A bare count is the expected answer, namely the number of lines in the records that have the word "there".

______

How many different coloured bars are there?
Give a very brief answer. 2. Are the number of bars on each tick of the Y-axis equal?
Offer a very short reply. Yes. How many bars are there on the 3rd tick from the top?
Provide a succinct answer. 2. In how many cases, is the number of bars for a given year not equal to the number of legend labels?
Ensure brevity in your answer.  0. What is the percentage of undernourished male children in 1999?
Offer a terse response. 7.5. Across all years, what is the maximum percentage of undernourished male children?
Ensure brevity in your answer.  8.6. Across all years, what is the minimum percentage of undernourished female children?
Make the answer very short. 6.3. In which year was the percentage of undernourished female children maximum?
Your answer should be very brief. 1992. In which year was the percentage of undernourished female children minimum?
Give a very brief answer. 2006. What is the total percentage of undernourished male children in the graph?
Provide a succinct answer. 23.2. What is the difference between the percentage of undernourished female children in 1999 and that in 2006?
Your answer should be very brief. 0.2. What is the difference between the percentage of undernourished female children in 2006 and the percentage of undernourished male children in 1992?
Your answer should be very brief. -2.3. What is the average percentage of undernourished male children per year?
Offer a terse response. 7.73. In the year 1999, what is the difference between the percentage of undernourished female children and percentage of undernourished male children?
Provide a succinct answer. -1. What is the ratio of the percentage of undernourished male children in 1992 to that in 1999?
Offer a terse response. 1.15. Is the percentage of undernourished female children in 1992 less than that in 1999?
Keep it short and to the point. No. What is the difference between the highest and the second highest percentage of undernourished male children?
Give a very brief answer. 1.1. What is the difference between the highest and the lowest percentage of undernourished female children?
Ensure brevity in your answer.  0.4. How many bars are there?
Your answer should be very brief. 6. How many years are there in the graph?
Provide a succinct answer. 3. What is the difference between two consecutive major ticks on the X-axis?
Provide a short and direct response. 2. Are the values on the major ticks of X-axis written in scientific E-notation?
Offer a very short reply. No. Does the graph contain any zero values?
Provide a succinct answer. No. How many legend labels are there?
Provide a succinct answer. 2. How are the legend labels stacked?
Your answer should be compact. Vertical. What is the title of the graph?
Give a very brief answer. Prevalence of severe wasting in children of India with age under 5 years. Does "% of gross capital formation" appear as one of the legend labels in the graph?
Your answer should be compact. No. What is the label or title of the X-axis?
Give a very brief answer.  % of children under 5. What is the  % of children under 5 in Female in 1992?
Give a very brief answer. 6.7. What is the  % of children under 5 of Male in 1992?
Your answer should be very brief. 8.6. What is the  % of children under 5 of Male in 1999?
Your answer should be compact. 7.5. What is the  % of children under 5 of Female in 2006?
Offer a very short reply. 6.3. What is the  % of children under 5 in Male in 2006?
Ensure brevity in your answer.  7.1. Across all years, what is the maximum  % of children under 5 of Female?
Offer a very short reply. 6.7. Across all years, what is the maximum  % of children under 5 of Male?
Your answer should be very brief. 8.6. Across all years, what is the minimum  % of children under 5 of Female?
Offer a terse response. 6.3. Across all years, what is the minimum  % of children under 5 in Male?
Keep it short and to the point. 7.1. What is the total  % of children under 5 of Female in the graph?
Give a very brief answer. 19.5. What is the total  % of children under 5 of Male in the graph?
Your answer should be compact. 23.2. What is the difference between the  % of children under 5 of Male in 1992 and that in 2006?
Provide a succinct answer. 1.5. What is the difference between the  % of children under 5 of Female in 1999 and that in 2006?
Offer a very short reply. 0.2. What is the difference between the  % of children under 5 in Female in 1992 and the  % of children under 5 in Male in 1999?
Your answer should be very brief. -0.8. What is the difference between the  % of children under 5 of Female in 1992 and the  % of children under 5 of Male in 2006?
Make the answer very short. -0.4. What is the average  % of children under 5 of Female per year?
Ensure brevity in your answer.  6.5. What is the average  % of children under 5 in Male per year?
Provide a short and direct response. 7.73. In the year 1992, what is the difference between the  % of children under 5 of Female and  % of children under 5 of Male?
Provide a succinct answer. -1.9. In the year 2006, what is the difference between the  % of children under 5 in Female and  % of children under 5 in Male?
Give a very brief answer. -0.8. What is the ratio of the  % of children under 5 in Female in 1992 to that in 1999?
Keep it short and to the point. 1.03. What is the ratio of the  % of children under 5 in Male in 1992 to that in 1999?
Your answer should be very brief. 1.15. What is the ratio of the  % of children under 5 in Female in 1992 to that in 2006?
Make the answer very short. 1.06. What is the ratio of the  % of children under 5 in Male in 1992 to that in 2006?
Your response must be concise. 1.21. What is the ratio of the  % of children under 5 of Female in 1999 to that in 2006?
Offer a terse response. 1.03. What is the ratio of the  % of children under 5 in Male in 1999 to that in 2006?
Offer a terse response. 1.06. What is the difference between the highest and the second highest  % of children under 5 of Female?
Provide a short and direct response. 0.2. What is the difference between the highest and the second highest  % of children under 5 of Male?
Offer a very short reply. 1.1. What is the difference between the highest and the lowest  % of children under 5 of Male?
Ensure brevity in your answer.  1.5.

______

Answer space
5